All error bars represent SD, n=3. a, Viable cell numbers after JQ1 treatment. b, Cellular viability after treatment with BBIs. c, Genomic regions containing a super-enhancer in SUM159 or SUM159R cells ranked by log₂ change in Bio-JQ1 genomic binding signal. X-axis: log₂ fold change in Bio-JQ1 signal colored by intensity of change. d, e, Boxplot showing the log₂ fold change in BRD4 genomic occupancy (d) and gene expression (e) at regions with gained, conserved, or lost Bio-JQ1 binding in SUM159R vs.. SUM159 cells. f,g, Gene tracks depicting Bio-JQ1, BRD4, and H3K27ac at the BCL-xL (f) and SOD2 (g) locus. The x-axis shows position along the chromosome with gene structures drawn below. The y-axis shows genomic occupancy in units of rpm/bp. h, Boxplot showing the log₂ fold change in BRD4 genomic occupancy at regions bound by Bio-JQ1.

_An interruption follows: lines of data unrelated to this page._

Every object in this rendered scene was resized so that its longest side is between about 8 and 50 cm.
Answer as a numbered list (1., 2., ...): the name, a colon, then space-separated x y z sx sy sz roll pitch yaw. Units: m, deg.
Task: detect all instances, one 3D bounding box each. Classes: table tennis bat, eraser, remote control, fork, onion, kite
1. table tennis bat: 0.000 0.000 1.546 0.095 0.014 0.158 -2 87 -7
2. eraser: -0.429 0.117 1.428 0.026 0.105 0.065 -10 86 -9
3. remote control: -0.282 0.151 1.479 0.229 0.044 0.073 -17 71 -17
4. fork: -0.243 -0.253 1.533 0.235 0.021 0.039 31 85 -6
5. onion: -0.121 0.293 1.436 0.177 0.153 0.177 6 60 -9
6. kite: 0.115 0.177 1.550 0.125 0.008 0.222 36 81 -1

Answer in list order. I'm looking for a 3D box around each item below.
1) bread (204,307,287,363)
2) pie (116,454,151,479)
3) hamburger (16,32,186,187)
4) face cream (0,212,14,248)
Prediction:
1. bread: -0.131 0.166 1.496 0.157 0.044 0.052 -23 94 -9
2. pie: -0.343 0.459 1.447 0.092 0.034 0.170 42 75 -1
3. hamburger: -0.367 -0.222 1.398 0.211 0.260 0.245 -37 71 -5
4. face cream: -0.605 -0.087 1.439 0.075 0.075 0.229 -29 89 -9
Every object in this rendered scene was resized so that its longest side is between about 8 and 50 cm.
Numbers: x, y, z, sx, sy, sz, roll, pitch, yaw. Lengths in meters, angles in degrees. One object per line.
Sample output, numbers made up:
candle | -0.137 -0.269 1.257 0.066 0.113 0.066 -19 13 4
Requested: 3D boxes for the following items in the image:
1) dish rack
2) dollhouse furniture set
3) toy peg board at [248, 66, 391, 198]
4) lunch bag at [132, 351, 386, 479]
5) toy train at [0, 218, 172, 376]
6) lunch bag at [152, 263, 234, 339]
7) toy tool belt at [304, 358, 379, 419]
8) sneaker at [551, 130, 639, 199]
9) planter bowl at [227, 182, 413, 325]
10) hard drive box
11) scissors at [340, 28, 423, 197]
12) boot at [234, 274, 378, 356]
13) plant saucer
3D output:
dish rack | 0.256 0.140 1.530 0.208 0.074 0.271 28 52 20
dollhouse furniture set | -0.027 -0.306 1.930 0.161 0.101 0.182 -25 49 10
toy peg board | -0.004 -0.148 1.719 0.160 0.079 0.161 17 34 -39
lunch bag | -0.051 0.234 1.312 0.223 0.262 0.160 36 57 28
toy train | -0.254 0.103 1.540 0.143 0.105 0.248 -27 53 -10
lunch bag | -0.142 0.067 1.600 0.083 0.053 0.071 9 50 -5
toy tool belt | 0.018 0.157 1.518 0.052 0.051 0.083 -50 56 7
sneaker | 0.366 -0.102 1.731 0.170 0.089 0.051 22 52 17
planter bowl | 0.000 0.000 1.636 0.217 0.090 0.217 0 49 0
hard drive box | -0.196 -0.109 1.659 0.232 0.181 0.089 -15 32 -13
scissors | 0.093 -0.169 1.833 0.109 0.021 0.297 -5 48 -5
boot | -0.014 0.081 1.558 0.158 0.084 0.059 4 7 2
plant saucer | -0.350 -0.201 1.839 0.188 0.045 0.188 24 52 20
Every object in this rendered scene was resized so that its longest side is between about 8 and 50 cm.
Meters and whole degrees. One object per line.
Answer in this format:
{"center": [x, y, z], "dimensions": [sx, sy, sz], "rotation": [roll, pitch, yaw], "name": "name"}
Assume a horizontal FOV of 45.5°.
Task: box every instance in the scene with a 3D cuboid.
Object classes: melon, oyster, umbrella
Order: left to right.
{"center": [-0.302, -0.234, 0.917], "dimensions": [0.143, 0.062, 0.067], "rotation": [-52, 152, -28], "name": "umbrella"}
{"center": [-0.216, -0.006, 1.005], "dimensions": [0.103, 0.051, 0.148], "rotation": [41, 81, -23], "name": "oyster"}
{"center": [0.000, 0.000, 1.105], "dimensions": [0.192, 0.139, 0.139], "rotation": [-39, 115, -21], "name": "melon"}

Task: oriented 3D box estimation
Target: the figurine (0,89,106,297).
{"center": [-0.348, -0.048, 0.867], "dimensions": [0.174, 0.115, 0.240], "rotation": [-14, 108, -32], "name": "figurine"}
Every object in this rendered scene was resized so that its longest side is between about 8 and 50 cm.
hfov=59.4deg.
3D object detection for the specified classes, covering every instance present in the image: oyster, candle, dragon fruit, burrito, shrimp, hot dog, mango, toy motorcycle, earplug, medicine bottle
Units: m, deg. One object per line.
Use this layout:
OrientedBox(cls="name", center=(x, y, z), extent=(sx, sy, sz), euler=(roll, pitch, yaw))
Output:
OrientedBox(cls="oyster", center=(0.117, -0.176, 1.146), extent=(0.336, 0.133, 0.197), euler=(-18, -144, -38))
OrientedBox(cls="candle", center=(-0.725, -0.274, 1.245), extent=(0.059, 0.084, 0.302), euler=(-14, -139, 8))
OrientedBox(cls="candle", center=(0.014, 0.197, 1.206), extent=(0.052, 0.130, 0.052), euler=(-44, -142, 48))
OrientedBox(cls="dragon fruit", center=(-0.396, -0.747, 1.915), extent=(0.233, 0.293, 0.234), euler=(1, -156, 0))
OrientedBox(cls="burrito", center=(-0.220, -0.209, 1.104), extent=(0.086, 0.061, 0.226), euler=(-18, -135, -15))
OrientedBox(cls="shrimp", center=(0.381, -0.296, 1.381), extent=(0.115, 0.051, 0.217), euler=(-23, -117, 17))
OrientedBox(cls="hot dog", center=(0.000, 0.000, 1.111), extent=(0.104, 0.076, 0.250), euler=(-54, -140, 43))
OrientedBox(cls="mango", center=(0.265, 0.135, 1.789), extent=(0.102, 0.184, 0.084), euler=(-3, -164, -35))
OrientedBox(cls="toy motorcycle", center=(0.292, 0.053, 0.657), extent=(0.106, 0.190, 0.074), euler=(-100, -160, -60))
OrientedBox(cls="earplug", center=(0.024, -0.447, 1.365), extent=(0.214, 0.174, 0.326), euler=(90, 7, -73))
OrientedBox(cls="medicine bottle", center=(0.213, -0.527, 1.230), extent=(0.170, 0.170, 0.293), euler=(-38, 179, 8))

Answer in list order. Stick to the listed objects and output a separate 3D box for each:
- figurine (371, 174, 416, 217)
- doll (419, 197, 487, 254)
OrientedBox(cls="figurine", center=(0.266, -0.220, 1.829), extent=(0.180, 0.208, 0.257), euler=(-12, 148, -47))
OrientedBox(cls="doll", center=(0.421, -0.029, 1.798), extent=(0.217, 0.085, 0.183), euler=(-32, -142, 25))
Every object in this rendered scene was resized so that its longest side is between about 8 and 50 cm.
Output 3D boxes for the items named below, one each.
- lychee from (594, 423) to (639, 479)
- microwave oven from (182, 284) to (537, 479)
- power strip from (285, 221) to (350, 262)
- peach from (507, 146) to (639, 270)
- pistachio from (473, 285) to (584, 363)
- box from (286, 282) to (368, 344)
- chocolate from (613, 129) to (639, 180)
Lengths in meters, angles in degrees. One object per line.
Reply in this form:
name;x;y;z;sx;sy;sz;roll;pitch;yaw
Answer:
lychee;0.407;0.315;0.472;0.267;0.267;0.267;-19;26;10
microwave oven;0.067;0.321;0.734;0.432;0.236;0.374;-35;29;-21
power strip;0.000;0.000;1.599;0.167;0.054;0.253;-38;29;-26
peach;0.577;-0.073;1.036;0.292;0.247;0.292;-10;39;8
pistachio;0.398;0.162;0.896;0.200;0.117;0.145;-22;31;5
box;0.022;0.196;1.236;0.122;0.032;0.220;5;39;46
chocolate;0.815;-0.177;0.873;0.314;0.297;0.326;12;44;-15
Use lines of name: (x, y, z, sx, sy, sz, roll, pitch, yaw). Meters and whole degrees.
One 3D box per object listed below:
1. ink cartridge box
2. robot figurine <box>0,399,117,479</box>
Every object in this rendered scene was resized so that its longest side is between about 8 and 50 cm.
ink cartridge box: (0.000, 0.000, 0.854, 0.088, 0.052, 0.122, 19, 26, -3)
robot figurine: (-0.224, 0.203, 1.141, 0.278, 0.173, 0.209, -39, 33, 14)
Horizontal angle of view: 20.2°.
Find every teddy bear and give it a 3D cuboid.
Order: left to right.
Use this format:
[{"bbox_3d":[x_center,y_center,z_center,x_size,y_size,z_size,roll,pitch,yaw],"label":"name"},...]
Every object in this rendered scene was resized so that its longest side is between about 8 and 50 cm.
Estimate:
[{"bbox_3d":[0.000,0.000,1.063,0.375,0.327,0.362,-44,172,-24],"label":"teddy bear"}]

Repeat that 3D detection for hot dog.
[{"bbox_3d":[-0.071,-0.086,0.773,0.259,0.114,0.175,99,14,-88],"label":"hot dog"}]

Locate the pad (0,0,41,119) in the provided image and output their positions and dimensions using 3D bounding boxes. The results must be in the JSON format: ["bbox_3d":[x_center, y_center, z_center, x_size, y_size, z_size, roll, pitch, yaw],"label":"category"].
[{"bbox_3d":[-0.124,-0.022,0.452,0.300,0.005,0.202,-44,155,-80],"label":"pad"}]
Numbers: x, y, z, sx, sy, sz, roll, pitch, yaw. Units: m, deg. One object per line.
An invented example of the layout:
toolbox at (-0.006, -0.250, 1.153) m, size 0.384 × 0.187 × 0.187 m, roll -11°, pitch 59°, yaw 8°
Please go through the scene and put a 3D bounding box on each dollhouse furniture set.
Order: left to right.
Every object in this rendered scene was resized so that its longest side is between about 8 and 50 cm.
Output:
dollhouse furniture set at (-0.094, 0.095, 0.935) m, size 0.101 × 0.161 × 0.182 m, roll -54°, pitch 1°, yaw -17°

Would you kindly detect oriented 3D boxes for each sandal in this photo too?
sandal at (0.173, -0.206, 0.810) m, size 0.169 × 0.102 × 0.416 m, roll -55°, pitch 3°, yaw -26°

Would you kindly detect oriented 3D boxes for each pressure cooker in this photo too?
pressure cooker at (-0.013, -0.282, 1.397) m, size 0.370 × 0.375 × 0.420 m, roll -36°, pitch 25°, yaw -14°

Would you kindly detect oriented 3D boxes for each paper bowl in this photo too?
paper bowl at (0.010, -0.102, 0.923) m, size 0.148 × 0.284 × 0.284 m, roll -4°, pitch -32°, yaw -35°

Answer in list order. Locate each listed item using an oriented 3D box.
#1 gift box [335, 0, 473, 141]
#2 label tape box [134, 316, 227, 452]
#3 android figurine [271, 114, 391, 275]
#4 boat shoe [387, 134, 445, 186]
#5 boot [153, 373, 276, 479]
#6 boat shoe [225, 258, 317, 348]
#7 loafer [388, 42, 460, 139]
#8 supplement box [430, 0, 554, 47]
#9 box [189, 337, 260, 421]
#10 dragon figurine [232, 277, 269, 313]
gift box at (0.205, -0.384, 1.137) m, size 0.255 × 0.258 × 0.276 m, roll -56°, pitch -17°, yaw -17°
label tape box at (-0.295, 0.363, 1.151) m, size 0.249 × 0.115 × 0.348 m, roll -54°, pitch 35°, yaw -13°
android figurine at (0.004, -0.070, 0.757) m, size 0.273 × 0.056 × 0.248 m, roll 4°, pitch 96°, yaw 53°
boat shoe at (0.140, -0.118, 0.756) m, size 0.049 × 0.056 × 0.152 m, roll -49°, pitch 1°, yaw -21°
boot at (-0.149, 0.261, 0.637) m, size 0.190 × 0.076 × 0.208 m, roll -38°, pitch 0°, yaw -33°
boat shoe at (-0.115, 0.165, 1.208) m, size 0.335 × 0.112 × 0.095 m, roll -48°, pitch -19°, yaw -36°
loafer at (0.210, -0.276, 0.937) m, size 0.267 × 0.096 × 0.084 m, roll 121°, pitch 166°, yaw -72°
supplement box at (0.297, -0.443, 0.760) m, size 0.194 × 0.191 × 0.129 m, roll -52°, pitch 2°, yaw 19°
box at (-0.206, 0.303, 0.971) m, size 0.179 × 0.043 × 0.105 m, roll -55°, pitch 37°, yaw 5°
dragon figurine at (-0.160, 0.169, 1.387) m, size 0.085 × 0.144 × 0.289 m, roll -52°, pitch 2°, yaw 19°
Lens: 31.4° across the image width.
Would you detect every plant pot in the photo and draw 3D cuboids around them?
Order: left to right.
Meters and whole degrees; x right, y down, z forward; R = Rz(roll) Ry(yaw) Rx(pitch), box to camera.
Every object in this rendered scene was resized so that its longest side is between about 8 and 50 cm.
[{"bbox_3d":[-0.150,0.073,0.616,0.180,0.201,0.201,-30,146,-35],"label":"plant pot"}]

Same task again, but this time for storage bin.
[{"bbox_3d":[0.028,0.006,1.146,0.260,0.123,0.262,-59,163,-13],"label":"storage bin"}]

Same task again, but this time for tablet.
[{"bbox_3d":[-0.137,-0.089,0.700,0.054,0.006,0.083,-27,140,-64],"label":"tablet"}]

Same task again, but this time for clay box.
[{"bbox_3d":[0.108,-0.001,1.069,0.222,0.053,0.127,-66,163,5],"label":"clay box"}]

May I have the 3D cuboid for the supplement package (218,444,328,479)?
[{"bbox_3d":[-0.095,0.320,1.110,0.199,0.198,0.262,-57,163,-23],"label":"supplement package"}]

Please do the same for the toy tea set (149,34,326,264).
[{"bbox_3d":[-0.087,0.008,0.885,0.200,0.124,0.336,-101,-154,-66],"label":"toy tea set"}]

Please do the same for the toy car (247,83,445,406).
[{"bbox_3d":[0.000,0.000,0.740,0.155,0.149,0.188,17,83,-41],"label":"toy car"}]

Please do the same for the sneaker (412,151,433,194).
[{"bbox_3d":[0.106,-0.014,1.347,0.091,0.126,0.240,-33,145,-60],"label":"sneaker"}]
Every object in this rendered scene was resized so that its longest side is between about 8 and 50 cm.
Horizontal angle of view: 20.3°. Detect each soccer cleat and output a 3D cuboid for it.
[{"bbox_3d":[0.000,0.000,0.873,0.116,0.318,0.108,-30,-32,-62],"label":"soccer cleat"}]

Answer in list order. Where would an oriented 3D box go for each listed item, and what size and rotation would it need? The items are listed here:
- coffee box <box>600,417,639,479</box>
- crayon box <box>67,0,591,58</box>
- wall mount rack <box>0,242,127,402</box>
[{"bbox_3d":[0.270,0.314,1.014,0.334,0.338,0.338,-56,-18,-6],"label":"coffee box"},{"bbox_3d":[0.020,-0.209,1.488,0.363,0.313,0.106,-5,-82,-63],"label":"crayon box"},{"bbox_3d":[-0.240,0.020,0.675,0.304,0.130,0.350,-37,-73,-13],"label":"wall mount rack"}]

Figure 3. Mechanism of BBI-resistance in TNBCs

All error bars represent SD, n=3. a, Plot depicting changes in BRD4-associated proteins in SUM159 and SUM159R cells following JQ1 treatment based on SILAC RIME. The axes represent log10 of fold change (FC). b, Immunoblot analysis of BRD4 immunoprecipitates and total cell lysates in SUM159 and SUM159R cells. For gel source data, see Supplementary Figure 1. c, Cellular viability of SUM159 and SUM159R cells expressing exogenous WT, BDmut, 7A and 7D mutant BRD4 with concomitant knock-down of endogenous BRD4. d, e, Sensitivity of SUM159 (d) and SUM159R (e) cells expressing exogenous WT or BDmut BRD4 to JQ1 with concomitant knock-down of endogenous BRD4.

Figure 4. Regulation and relevance of BRD4 phosphorylation

All error bars represent SD, n=3. a, Immunoblot for the indicated proteins following JQ1 treatment. b, Immunoblot for the indicated proteins after knock-down of PP2A A or C or both subunits. c, Viable cell numbers of JQ1-treated control and shPP2A-C expressing SUM149 cells. d, Immunoblot of pBRD4 and BRD4 in SUM159R cells following phenothiazine (PTZ) treatment. e, Viable cell numbers of SUM159R cells treated with JQ1, phenothiazine or both compounds. f,g Immunoblot of BRD4 immunoprecipitates and total cell lysates of SUM159R cells after 3hrs treatment with JQ1 and CK2i (f) and JQ1 and PTZ (g). h, Immunoblot of FLAG-BRD4 (WT or mutant) immunoprecipitates and total cell lysates after 3hrs treatment with JQ1. i, JQ1 sensitivity of SUM159 and SUM159R cells expressing exogenous WT or mutant (7A, 7D) BRD4. For gel source data, see Supplementary Figure 1.